Stored dataset items
☆ ☆ ☆ ☆ ☆
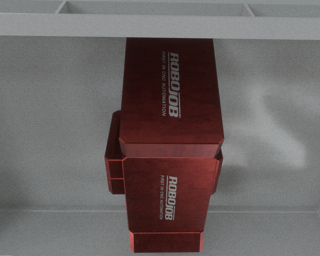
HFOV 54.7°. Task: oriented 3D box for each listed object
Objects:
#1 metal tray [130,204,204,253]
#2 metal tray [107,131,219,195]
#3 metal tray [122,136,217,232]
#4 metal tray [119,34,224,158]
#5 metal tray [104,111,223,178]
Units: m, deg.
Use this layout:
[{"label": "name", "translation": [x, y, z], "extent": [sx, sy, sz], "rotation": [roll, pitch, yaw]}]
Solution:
[{"label": "metal tray", "translation": [0.008, 0.119, 0.438], "extent": [0.091, 0.130, 0.030], "rotation": [0, 109, -1]}, {"label": "metal tray", "translation": [0.003, 0.041, 0.400], "extent": [0.131, 0.090, 0.030], "rotation": [1, 130, -1]}, {"label": "metal tray", "translation": [0.008, 0.067, 0.342], "extent": [0.091, 0.030, 0.129], "rotation": [0, 130, -1]}, {"label": "metal tray", "translation": [0.010, -0.036, 0.307], "extent": [0.091, 0.130, 0.030], "rotation": [1, 150, -1]}, {"label": "metal tray", "translation": [0.004, 0.018, 0.380], "extent": [0.131, 0.090, 0.030], "rotation": [1, 130, -1]}]
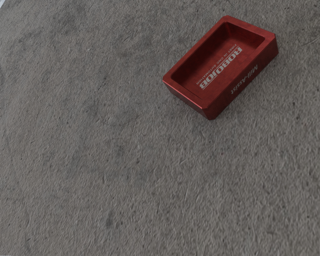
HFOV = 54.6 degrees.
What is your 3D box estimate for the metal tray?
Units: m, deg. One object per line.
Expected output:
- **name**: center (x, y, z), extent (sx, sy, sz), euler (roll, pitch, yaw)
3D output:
- **metal tray**: center (0.078, -0.083, 0.411), extent (0.130, 0.030, 0.090), euler (-46, 51, -4)
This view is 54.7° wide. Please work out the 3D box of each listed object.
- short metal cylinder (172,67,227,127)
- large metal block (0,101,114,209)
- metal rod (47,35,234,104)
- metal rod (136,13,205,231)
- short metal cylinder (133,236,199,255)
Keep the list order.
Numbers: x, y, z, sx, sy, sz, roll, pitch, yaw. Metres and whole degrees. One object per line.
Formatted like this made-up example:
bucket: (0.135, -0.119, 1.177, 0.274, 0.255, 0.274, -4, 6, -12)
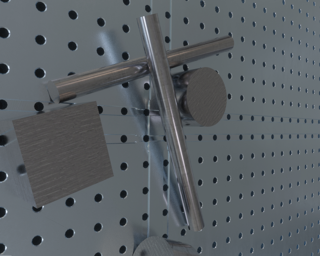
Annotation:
short metal cylinder: (0.048, -0.042, 0.434, 0.081, 0.050, 0.079, 0, 90, -40)
large metal block: (-0.102, 0.022, 0.308, 0.081, 0.050, 0.079, -19, 102, -38)
metal rod: (0.000, -0.087, 0.409, 0.302, 0.025, 0.025, -25, 106, -37)
metal rod: (0.019, 0.008, 0.404, 0.025, 0.025, 0.298, -29, 115, -36)
short metal cylinder: (0.007, 0.179, 0.380, 0.050, 0.080, 0.080, 29, 72, -37)
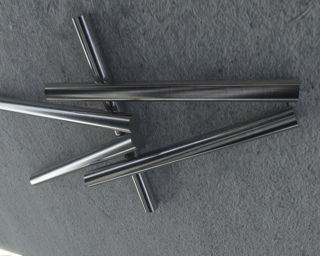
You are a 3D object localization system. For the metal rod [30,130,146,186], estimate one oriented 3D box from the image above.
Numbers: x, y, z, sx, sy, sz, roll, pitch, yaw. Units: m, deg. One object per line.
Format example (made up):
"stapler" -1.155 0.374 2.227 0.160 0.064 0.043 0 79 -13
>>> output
"metal rod" -0.132 0.056 0.492 0.299 0.025 0.025 -22 107 41

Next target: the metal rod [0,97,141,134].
"metal rod" -0.160 -0.025 0.457 0.300 0.025 0.025 9 122 30

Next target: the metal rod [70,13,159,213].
"metal rod" -0.055 -0.005 0.433 0.025 0.025 0.298 -3 117 29

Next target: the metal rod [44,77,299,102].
"metal rod" -0.003 -0.043 0.361 0.301 0.025 0.025 2 120 19

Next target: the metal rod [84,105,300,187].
"metal rod" 0.019 0.032 0.397 0.300 0.025 0.025 -20 108 28
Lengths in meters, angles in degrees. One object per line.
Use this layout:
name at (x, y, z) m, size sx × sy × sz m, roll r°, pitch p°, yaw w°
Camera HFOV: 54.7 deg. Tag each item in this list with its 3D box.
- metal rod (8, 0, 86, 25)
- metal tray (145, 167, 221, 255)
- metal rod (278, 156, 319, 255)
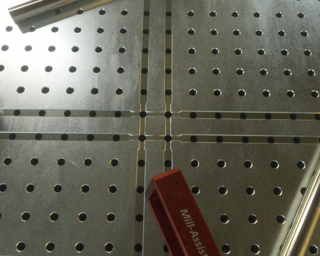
metal rod at (-0.088, -0.229, 0.494) m, size 0.302 × 0.025 × 0.025 m, roll -24°, pitch 72°, yaw -9°
metal tray at (0.026, 0.116, 0.333) m, size 0.030 × 0.090 × 0.130 m, roll -20°, pitch 71°, yaw -16°
metal rod at (0.165, 0.127, 0.367) m, size 0.025 × 0.025 × 0.300 m, roll 29°, pitch 72°, yaw 10°
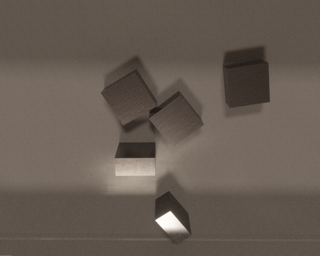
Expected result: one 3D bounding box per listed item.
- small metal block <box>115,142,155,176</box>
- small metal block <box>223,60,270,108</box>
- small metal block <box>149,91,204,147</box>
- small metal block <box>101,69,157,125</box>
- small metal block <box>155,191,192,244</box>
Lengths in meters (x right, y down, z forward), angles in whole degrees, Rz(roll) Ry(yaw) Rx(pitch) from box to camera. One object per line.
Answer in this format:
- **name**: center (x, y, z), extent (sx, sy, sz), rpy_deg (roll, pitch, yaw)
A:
- **small metal block**: center (-0.031, 0.040, 0.412), extent (0.050, 0.050, 0.025), rpy_deg (0, 110, 0)
- **small metal block**: center (0.109, -0.056, 0.392), extent (0.050, 0.025, 0.050), rpy_deg (-9, 110, 2)
- **small metal block**: center (0.021, -0.012, 0.407), extent (0.050, 0.025, 0.050), rpy_deg (-37, 107, 12)
- **small metal block**: center (-0.039, -0.040, 0.396), extent (0.050, 0.025, 0.050), rpy_deg (-30, 108, 10)
- **small metal block**: center (0.018, 0.128, 0.445), extent (0.025, 0.050, 0.050), rpy_deg (-35, 107, 12)
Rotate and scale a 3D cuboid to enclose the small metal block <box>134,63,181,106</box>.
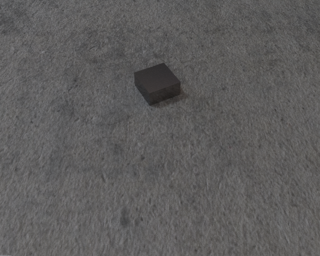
[{"bbox_3d":[-0.004,-0.066,0.458,0.050,0.025,0.050,-22,54,-18],"label":"small metal block"}]
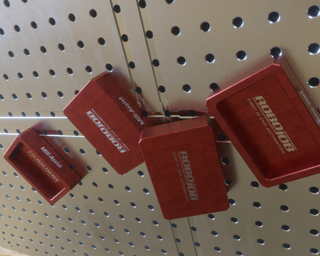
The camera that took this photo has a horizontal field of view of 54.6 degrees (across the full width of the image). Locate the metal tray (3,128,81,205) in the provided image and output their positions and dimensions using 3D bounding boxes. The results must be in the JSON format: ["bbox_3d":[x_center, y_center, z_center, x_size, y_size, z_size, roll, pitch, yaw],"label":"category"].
[{"bbox_3d":[-0.216,0.072,0.567,0.130,0.030,0.090,47,129,-5],"label":"metal tray"}]

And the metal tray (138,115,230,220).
[{"bbox_3d":[0.034,0.055,0.404,0.090,0.030,0.129,-12,114,9],"label":"metal tray"}]

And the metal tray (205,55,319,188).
[{"bbox_3d":[0.123,-0.002,0.341,0.090,0.030,0.130,-28,103,37],"label":"metal tray"}]

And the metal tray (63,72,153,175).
[{"bbox_3d":[-0.067,-0.002,0.442,0.130,0.030,0.090,49,129,-7],"label":"metal tray"}]
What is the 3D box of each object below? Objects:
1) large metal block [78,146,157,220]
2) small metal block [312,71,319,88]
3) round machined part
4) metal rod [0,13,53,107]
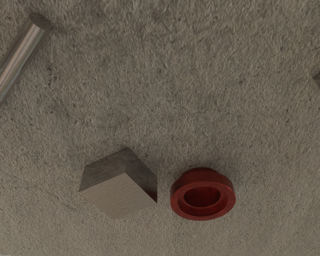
[{"bbox_3d":[-0.059,0.084,0.462,0.080,0.050,0.080,-25,126,19],"label":"large metal block"},{"bbox_3d":[0.219,-0.058,0.360,0.050,0.025,0.050,27,125,-22],"label":"small metal block"},{"bbox_3d":[0.065,0.098,0.480,0.099,0.042,0.097,0,130,0],"label":"round machined part"},{"bbox_3d":[-0.219,-0.022,0.386,0.025,0.025,0.299,34,122,-25],"label":"metal rod"}]
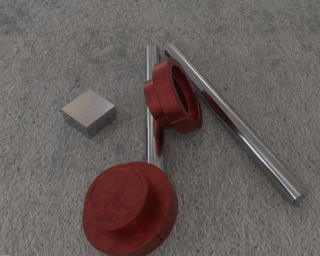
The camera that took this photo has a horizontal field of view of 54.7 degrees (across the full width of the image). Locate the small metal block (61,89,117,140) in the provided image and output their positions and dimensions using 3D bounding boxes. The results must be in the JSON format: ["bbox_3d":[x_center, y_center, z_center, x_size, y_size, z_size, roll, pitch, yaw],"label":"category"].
[{"bbox_3d":[-0.095,-0.019,0.419,0.050,0.025,0.050,33,57,24],"label":"small metal block"}]

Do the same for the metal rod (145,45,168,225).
[{"bbox_3d":[-0.008,-0.012,0.413,0.025,0.025,0.300,-1,50,-1],"label":"metal rod"}]

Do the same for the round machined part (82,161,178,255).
[{"bbox_3d":[-0.035,0.075,0.308,0.098,0.042,0.098,-14,49,16],"label":"round machined part"}]

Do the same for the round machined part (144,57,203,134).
[{"bbox_3d":[0.015,-0.037,0.397,0.042,0.098,0.098,-22,46,22],"label":"round machined part"}]

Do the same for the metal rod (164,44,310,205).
☆ ☆ ☆ ☆ ☆
WORK REQUIRED
This exercise requires the lines of the entries containing the string "Objects".

WRITTEN REPLY
Objects:
What is the 3D box of each object below? Objects:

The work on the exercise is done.